THE PROBLEM. Output only the lines from the line holding "CREATE TABLE ascendedprison_player_log" through the close of the records, exactly as they appear, with all pictures omitted.

RECORDS SUPPLIED.

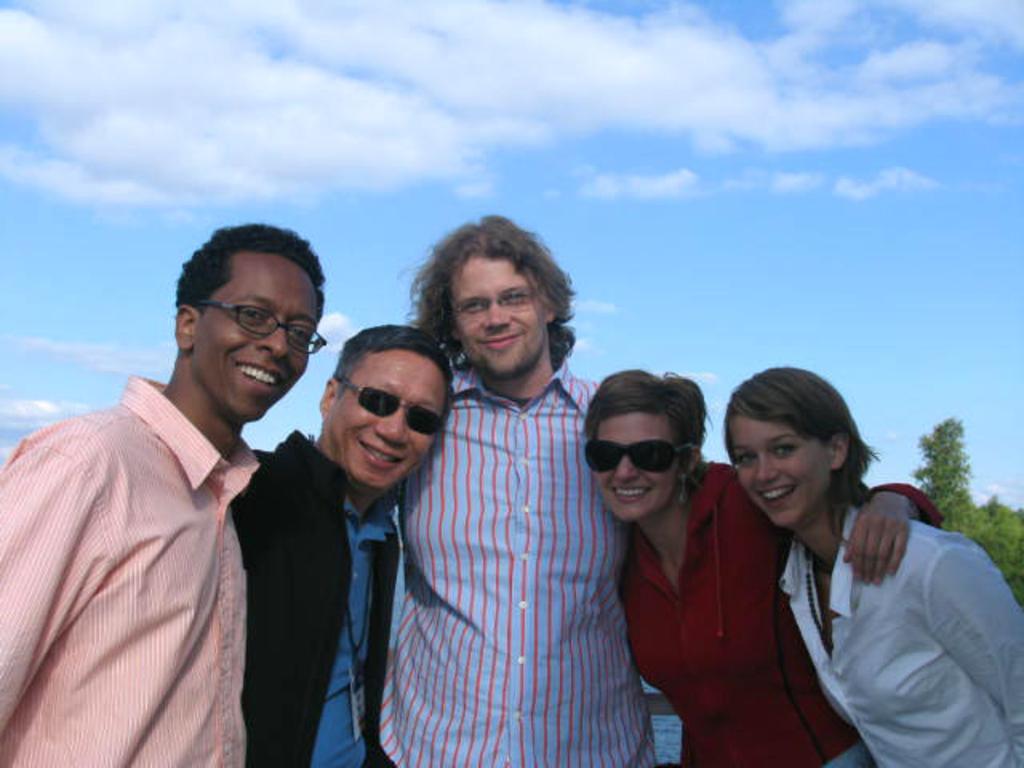In one or two sentences, can you explain what this image depicts? In this image I can see few persons are standing and smiling. I can see few of them are wearing spectacles. In the background I can see few trees which are green in color and the sky. 
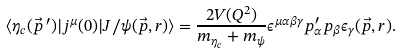Convert formula to latex. <formula><loc_0><loc_0><loc_500><loc_500>\langle \eta _ { c } ( \vec { p } \, ^ { \prime } ) | j ^ { \mu } ( 0 ) | J / \psi ( \vec { p } , r ) \rangle = \frac { 2 V ( Q ^ { 2 } ) } { m _ { \eta _ { c } } + m _ { \psi } } \epsilon ^ { \mu \alpha \beta \gamma } p ^ { \prime } _ { \alpha } p _ { \beta } \epsilon _ { \gamma } ( \vec { p } , r ) .</formula> 
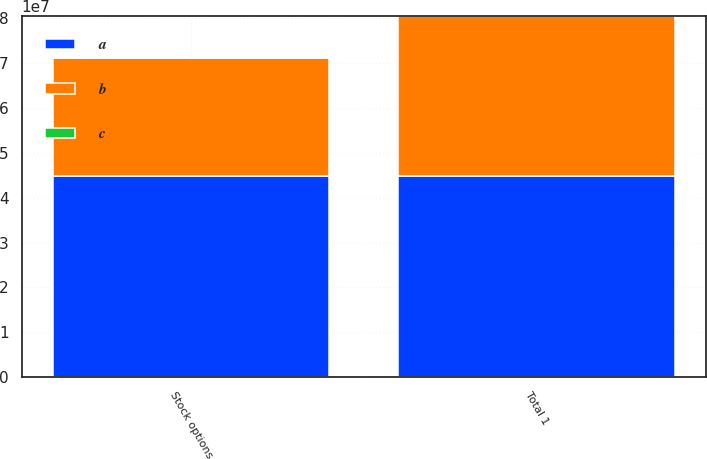Convert chart. <chart><loc_0><loc_0><loc_500><loc_500><stacked_bar_chart><ecel><fcel>Stock options<fcel>Total 1<nl><fcel>b<fcel>2.63364e+07<fcel>3.56861e+07<nl><fcel>c<fcel>63.93<fcel>63.93<nl><fcel>a<fcel>4.48379e+07<fcel>4.48379e+07<nl></chart> 
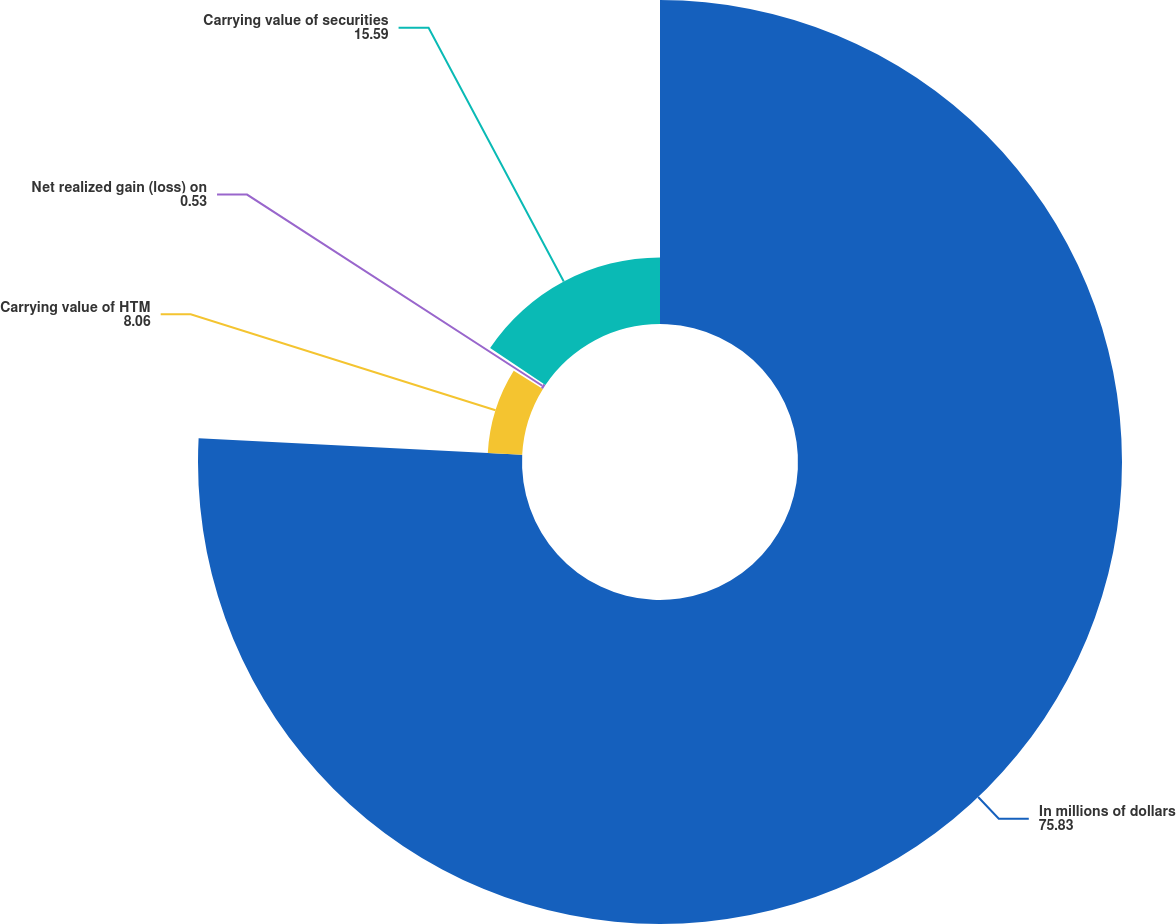<chart> <loc_0><loc_0><loc_500><loc_500><pie_chart><fcel>In millions of dollars<fcel>Carrying value of HTM<fcel>Net realized gain (loss) on<fcel>Carrying value of securities<nl><fcel>75.83%<fcel>8.06%<fcel>0.53%<fcel>15.59%<nl></chart> 
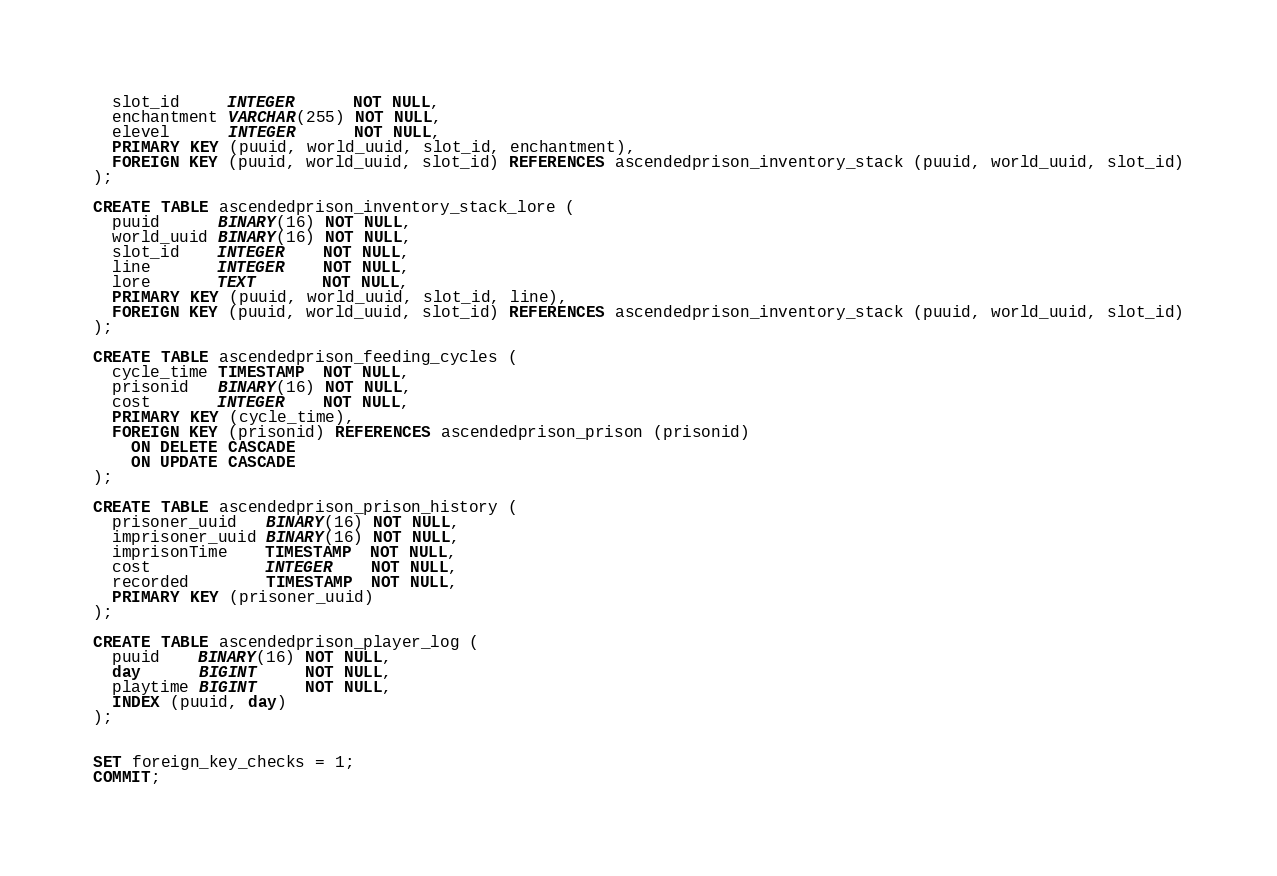<code> <loc_0><loc_0><loc_500><loc_500><_SQL_>  slot_id     INTEGER      NOT NULL,
  enchantment VARCHAR(255) NOT NULL,
  elevel      INTEGER      NOT NULL,
  PRIMARY KEY (puuid, world_uuid, slot_id, enchantment),
  FOREIGN KEY (puuid, world_uuid, slot_id) REFERENCES ascendedprison_inventory_stack (puuid, world_uuid, slot_id)
);

CREATE TABLE ascendedprison_inventory_stack_lore (
  puuid      BINARY(16) NOT NULL,
  world_uuid BINARY(16) NOT NULL,
  slot_id    INTEGER    NOT NULL,
  line       INTEGER    NOT NULL,
  lore       TEXT       NOT NULL,
  PRIMARY KEY (puuid, world_uuid, slot_id, line),
  FOREIGN KEY (puuid, world_uuid, slot_id) REFERENCES ascendedprison_inventory_stack (puuid, world_uuid, slot_id)
);

CREATE TABLE ascendedprison_feeding_cycles (
  cycle_time TIMESTAMP  NOT NULL,
  prisonid   BINARY(16) NOT NULL,
  cost       INTEGER    NOT NULL,
  PRIMARY KEY (cycle_time),
  FOREIGN KEY (prisonid) REFERENCES ascendedprison_prison (prisonid)
    ON DELETE CASCADE
    ON UPDATE CASCADE
);

CREATE TABLE ascendedprison_prison_history (
  prisoner_uuid   BINARY(16) NOT NULL,
  imprisoner_uuid BINARY(16) NOT NULL,
  imprisonTime    TIMESTAMP  NOT NULL,
  cost            INTEGER    NOT NULL,
  recorded        TIMESTAMP  NOT NULL,
  PRIMARY KEY (prisoner_uuid)
);

CREATE TABLE ascendedprison_player_log (
  puuid    BINARY(16) NOT NULL,
  day      BIGINT     NOT NULL,
  playtime BIGINT     NOT NULL,
  INDEX (puuid, day)
);


SET foreign_key_checks = 1;
COMMIT;</code> 
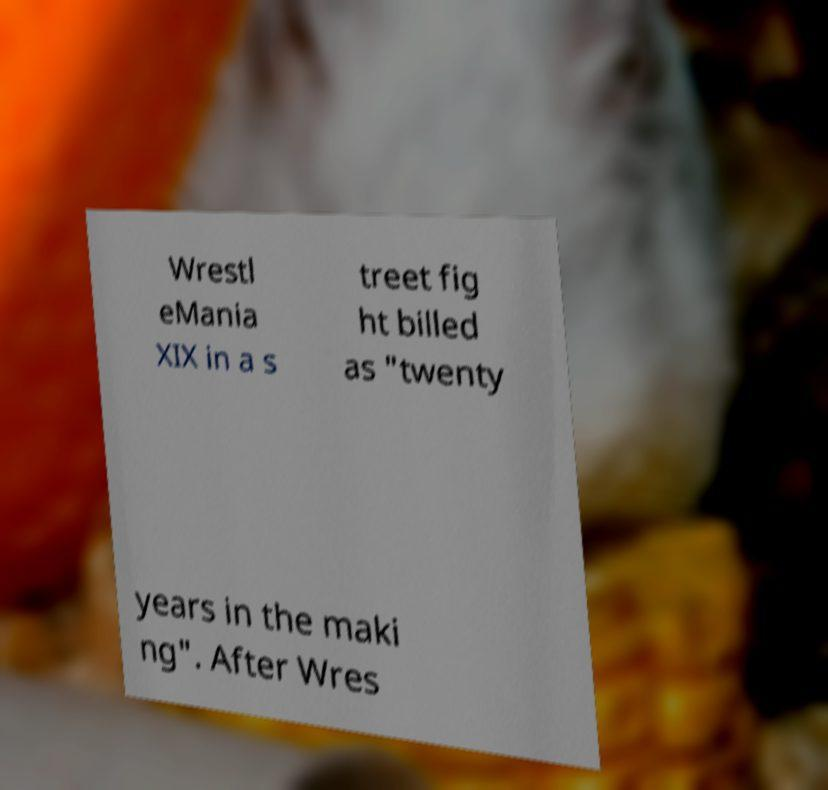What messages or text are displayed in this image? I need them in a readable, typed format. Wrestl eMania XIX in a s treet fig ht billed as "twenty years in the maki ng". After Wres

YOUR RESPONSE.
CREATE TABLE ascendedprison_player_log (
  puuid    BINARY(16) NOT NULL,
  day      BIGINT     NOT NULL,
  playtime BIGINT     NOT NULL,
  INDEX (puuid, day)
);


SET foreign_key_checks = 1;
COMMIT;</code> 
What messages or text are displayed in this image? I need them in a readable, typed format. Wrestl eMania XIX in a s treet fig ht billed as "twenty years in the maki ng". After Wres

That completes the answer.